The stack grows downward (lower addresses) as frames are pushed and shrinks upward as functions return. (now you must guess where "stack overflow" as a platform got it's name :D)

Handling Different Data Types

The ABI also governs how various data types are passed:

  • Integers and Pointers: Passed in general-purpose registers like RDI or RAX.
  • Floating-Point Numbers: Use dedicated registers (e.g., XMM0XMM7 in x86-64).
  • Structs: Small structs might fit in registers; larger ones are passed on the stack or by reference (a pointer).

Why This Matters

Understanding function calls at this level is invaluable for:

  • Observability: When writing uprobes eBPF programs to monitor a user space function, understanding the language specific ABI is crucial to get access to the arguments being passed to or returned from the function.
  • Debugging: Tracing assembly code reveals where things go wrong.
  • Optimization: Knowing register vs. stack trade-offs can boost performance.
  • Systems Programming: Writing kernels or compilers requires mastering the ABI.

Conclusion

This makes us thing, something as trivial as calling a function from another can be so complex in it's implementation. Function calls are complex at the binary level. Arguments can be either in registers or land on the stack, guided by the ABI’s strict rules.

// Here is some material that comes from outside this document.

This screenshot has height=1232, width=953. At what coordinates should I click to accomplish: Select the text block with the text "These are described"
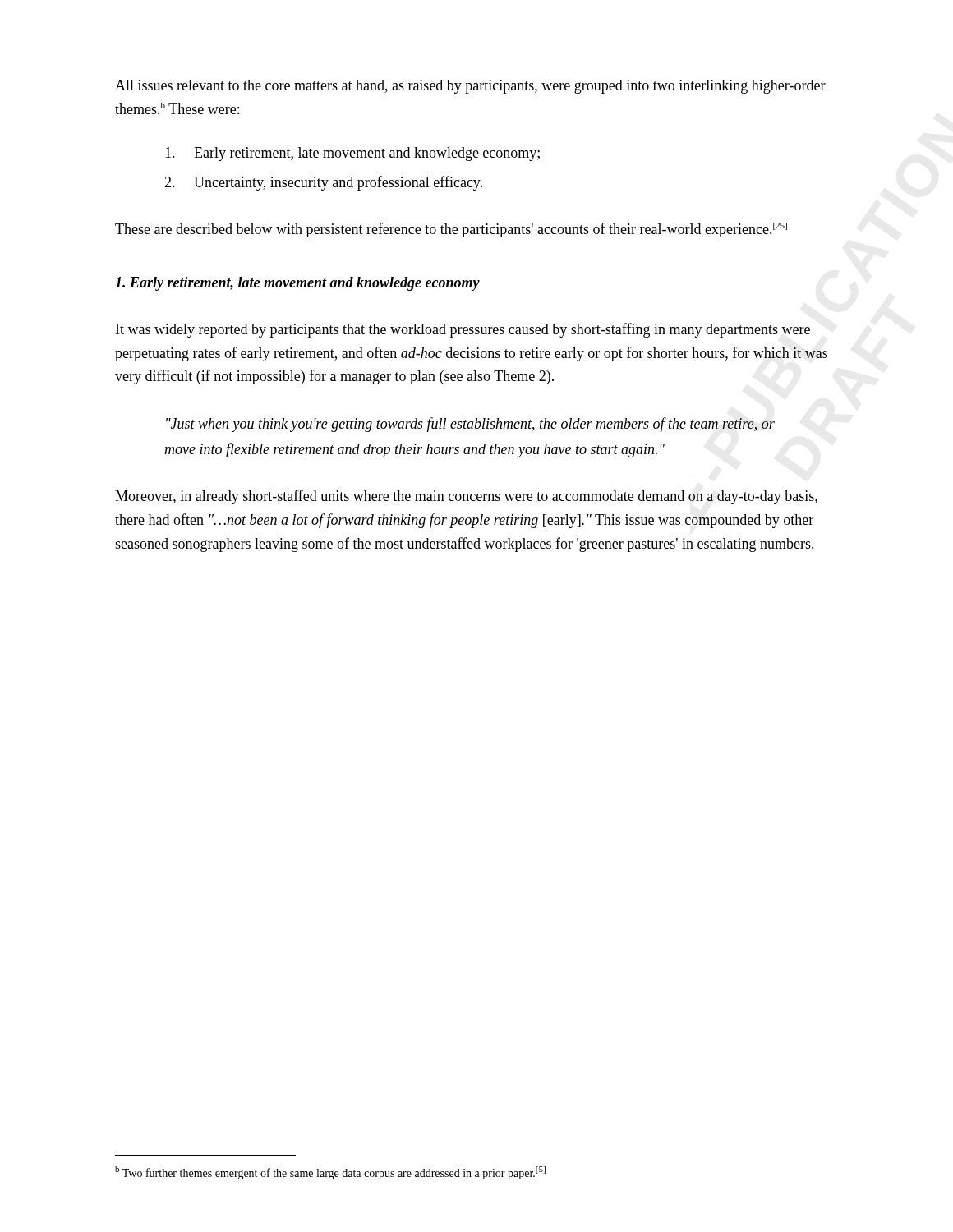tap(476, 230)
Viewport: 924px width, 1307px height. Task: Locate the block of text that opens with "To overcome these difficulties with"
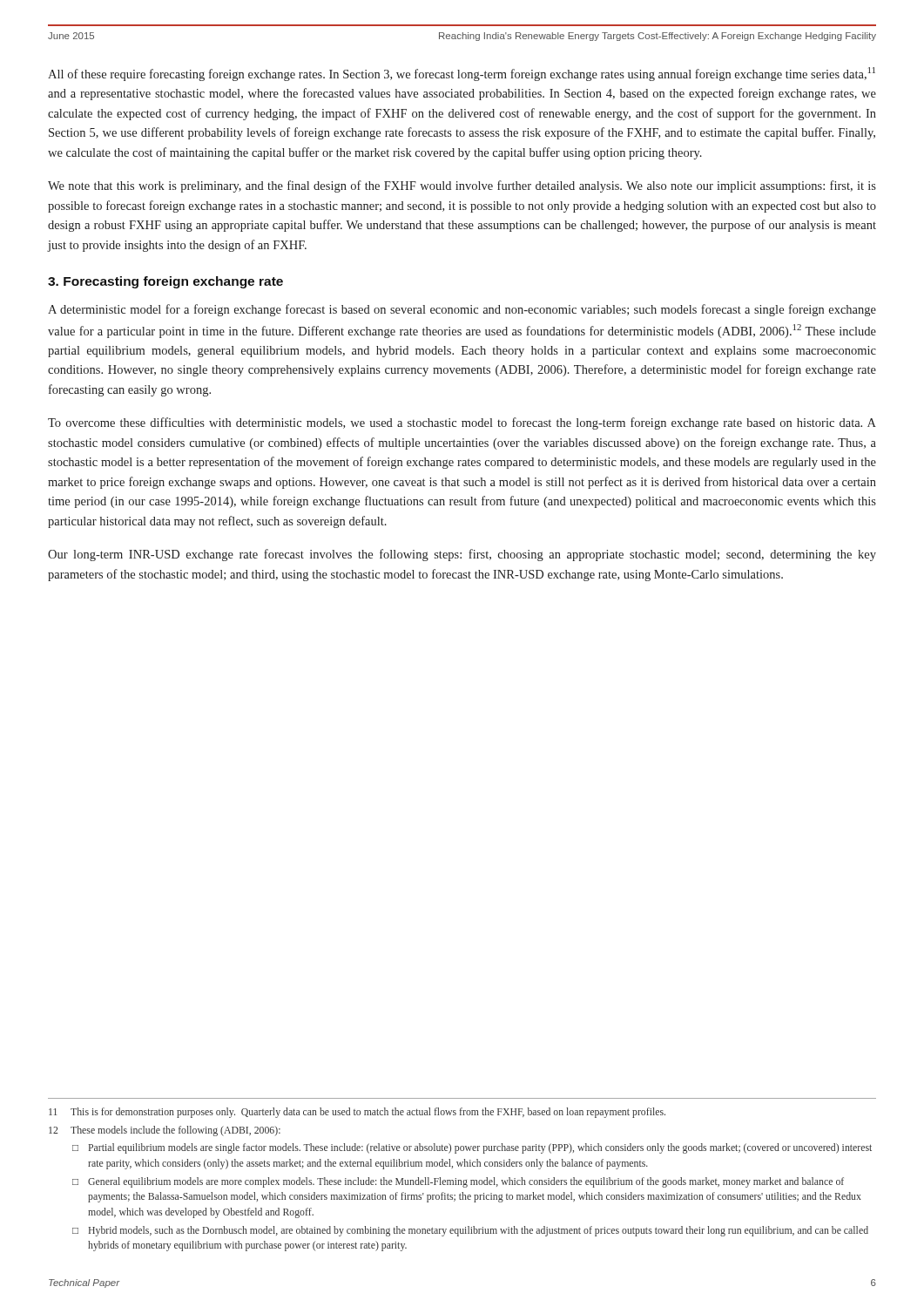point(462,472)
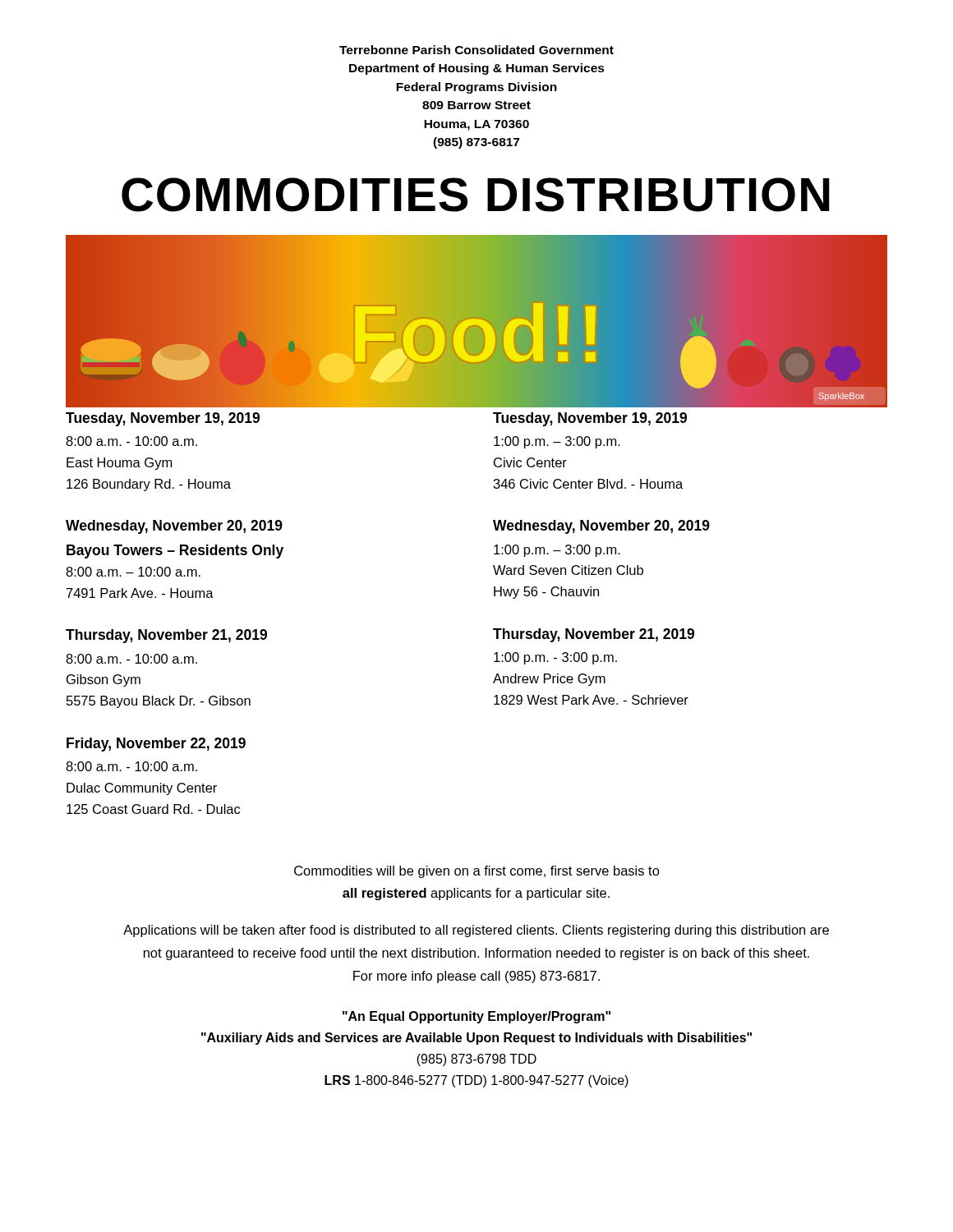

Returning values is as crucial as calling functions, they also follow specifications so the return values land precisely where the caller expects them. The ABI is the interface that makes all of it possible, ensuring every step, from argument placement to stack management, is executed perfectly across functions, languages, and platforms.

Now we have all the fundamental knowledge we needed to understand ABI of any programming language and hence, we can write uprobes for any user space function now.